However, such distinct modeling of unimanual and bimanual movements can never explain the relationship between these two types of movements. The learning effects in bimanual reaching movements toward a fixed target or direction are partially generalized to unimanual movements^6,7. That is, the learning effects trained with a bimanual movement are available not perfectly but partially in untrained unimanual movements, which is referred to as partial generalization in this manuscript. In contrast, learning effects in bimanual movements toward variable target directions sampled from eight radial directions are perfectly generalized to unimanual movements⁷. The learning effects trained with various bimanual movements are available not partially but perfectly in untrained unimanual movements, which is referred to as perfect generalization in this manuscript. The generalization pattern depends on the pattern of bimanual training; it is partial when it is trained with a single type of bimanual movement, but it is perfect when it is trained with various types of bimanual movements. The difference in generalization thus originates from the number of target directions present during the bimanual training phase, but it is not clear why the number of training target directions affects the generalization between bimanual and unimanual movements. A previous study proposed a model that consists of three different components for only unimanual, only bimanual and both movements, respectively and succeeded to explain the “partial” generalization on the condition of the fixed target direction⁸. However, this model cannot reproduce the perfect generalization in the condition of variable target directions. Taken together, we can conclude that a framework that explains the generalization between the two types of movements is unknown.

Here, we propose a novel model to explain the generalization of motor learning effects between unimanual and bimanual movements by incorporating the findings from neurophysiological studies into a conventional framework of motor primitives. In reaching movements, the activity of motor cortex neurons depends on the movement direction⁹, which means that neuronal activity can be considered a function of the movement direction (tuning curve). The preferred direction (PD) is defined as the movement direction in which the neuron shows its maximal activity. Some studies have observed neuronal activity in both unimanual and bimanual movements and these studies have reported that many neurons that exhibited different tuning curve properties for unimanual and bimanual movements.

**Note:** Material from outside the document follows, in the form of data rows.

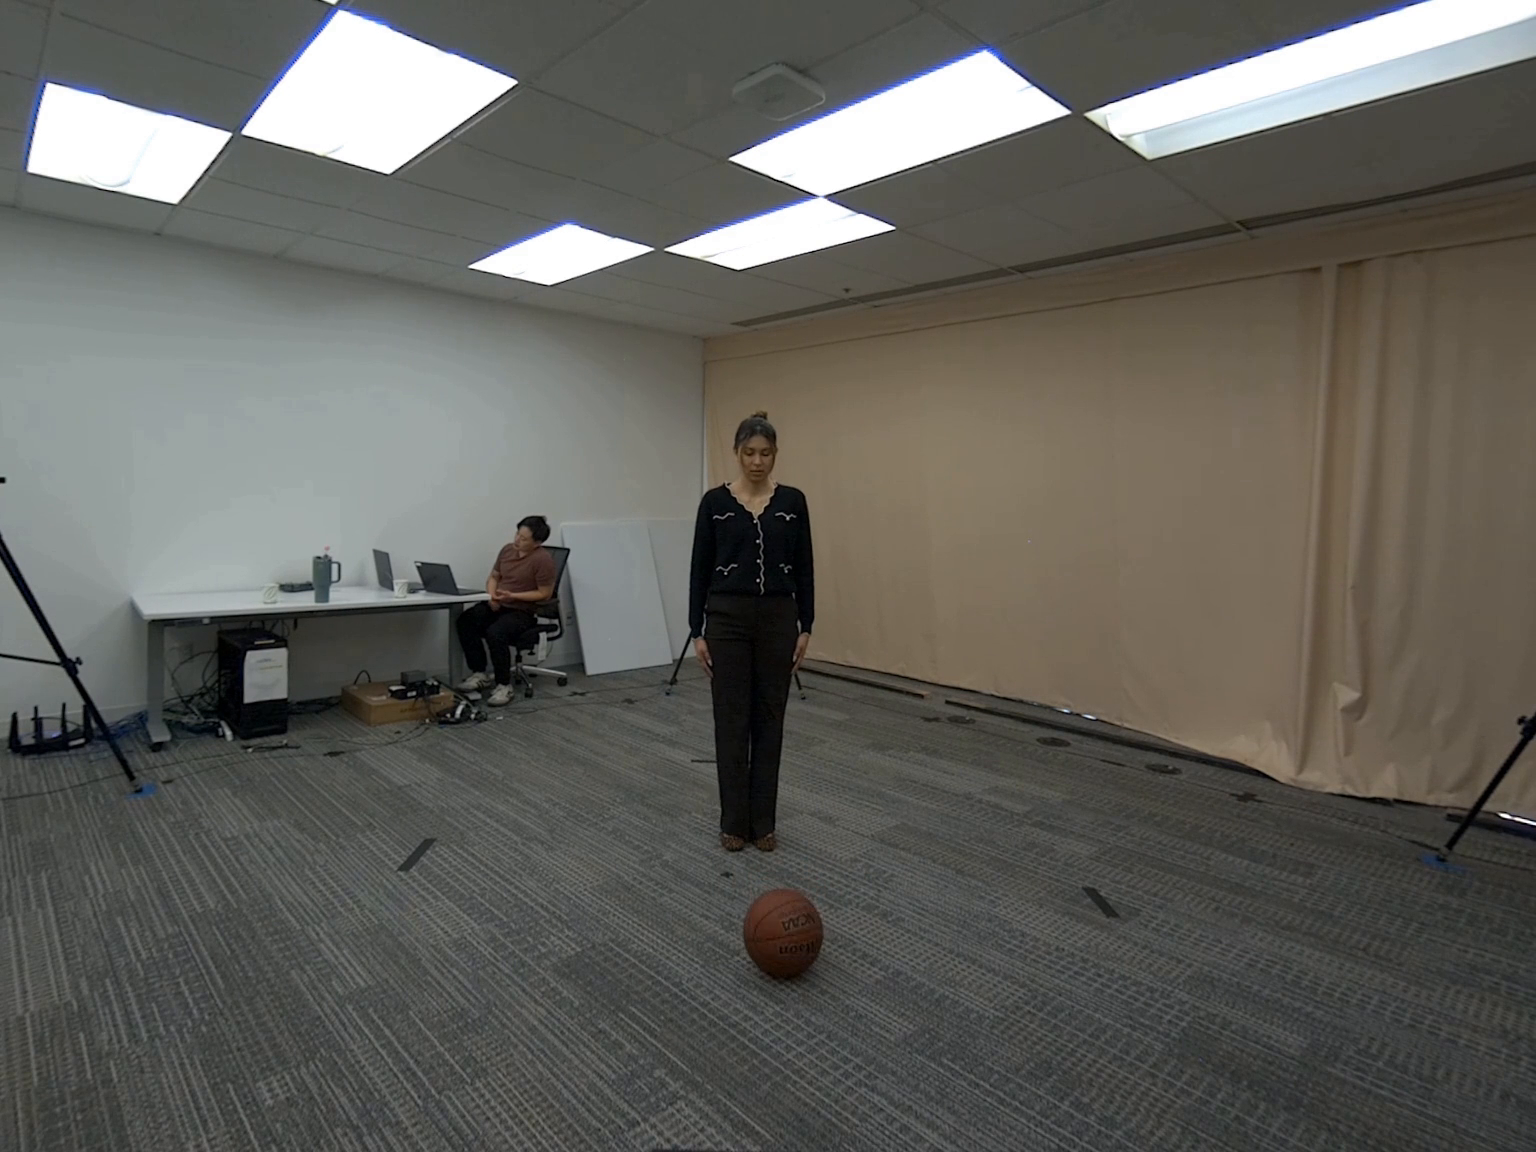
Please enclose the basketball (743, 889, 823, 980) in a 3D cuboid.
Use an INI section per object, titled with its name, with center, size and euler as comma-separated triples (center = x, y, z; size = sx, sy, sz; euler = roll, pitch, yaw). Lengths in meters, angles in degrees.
[basketball]
center = 0.039, 1.049, 2.471
size = 0.236, 0.235, 0.237
euler = 1, 4, -1

For example, neural activity during unimanual and bimanual movements were modeled well by a cosine function, but the PD was modulated during unimanual and bimanual movements^10,11,12. On the basis of these neurophysiological findings, we analytically investigated how the activity of motor primitives should be modulated between unimanual and bimanual movements to reproduce the generalization between unimanual and bimanual movements.

Results

General framework

The present study focused on reaching movements towards radially distributed target directions: θ₁, …, θ_K. The target direction was randomly sampled from the K target directions in each trial. During each reaching movement, an unpredictable perturbation was given, such as a force field¹³ which yields a movement error e perpendicular to the movement direction (Fig. 1a,c). The aim of the task was to accurately reach toward a given target by generating the additional motor command x perpendicular to the movement direction to compensate for the movement error.

Figure 1

Reaching tasks and motor primitive framework.

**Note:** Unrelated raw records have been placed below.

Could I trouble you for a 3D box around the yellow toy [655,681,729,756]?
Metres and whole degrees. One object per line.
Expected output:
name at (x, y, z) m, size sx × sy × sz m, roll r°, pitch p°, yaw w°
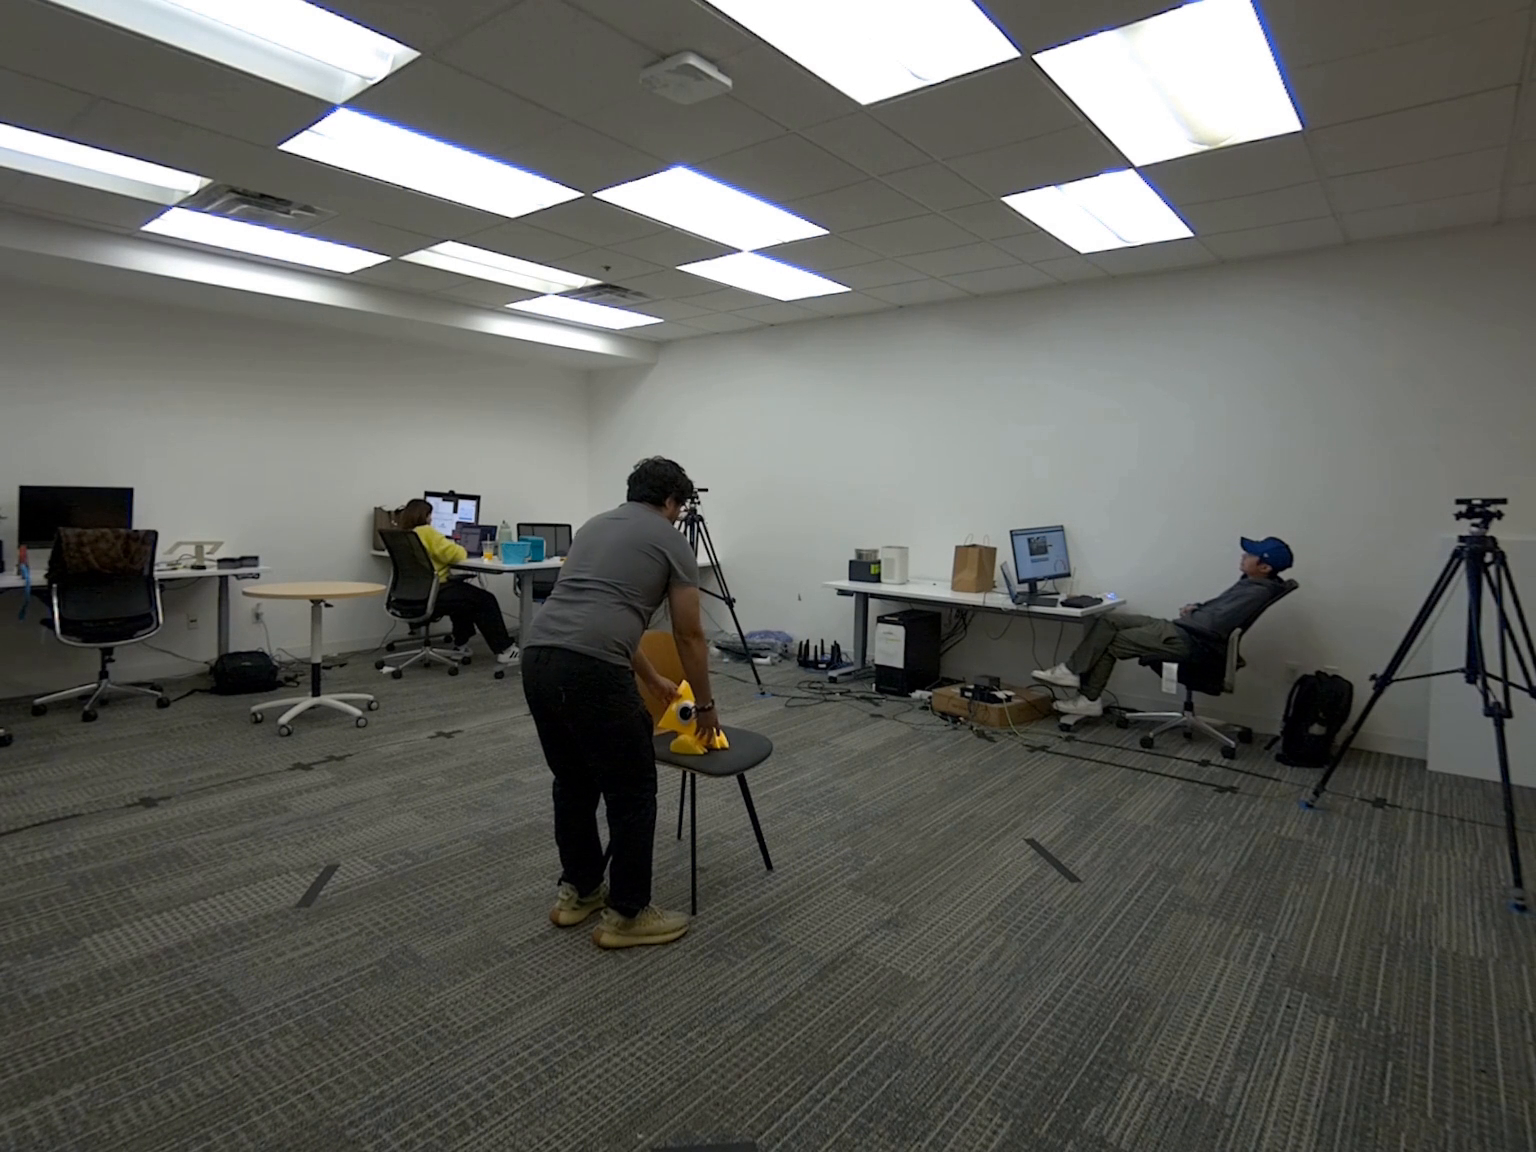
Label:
yellow toy at (-0.263, 0.488, 2.998) m, size 0.199 × 0.231 × 0.198 m, roll -1°, pitch -1°, yaw 42°

(a) Motor primitive framework for motor learning in bimanual movements. A given target direction (desired movement direction) θ determines the activity of motor primitives through motor planning and the linear summation of primitive activity determines an additional motor command x to compensate for the movement error e induced by a given perturbation p. (b) In the unimanual reaching task, a target is given (red circle) for the left arm in the direction θ^L (red arrow). In the bimanual reaching task, two targets are given for the left and right arms in the directions θ^L and θ^R. We focused on parallel bimanual movements in which the target directions are the same for the left and right arms (red and orange arrows, θ^L = θ^R). (c) Motor primitive framework for motor learning in unimanual movements.

Following the original motor primitive model^1,2, we assumed that the motor command x was a linear summation of motor primitive activities A₁(θ), ..., A_N(θ) determined by a target direction θ (Fig. 1a,c), i.e. , where W_i determines how the i-th primitive contributes to the generation of a motor command. Each weight W_i was modified by (gradient descent rule) in each trial to reduce the squared movement error e² (see Methods), where the positive constant η denoted the learning rate. This framework can explain trial-dependent changes of the movement error and the generalization effects on untrained movements^1,2.

The framework of motor primitives can be applied to bimanual reaching movements³. Throughout this study, we supposed a perturbation imposed only on the left arm (the left arm was trained and the right arm was untrained). Therefore, the additional motor command x should be considered only for left arm movements. We considered parallel bimanual movements toward extrinsically identical directions (Fig. 1b), because previous behavioral^6,7 and neurophysiological^10,11 experiments focused on these types of bimanual movements. In this case, the target direction θ is common for two arms. The present study assumed that the activity pattern of each motor primitive for parallel bimanual movements, , may differ from that for unimanual (left arm only) movements, . Each weight W_i was assumed to be common for unimanual and bimanual movements. This assumption did not mean common contributions of a weight W_i to unimanual and bimanual movements. The contribution of W_i depended on the primitive activities and . That is, each motor primitive contributed to the generation of a motor command through or .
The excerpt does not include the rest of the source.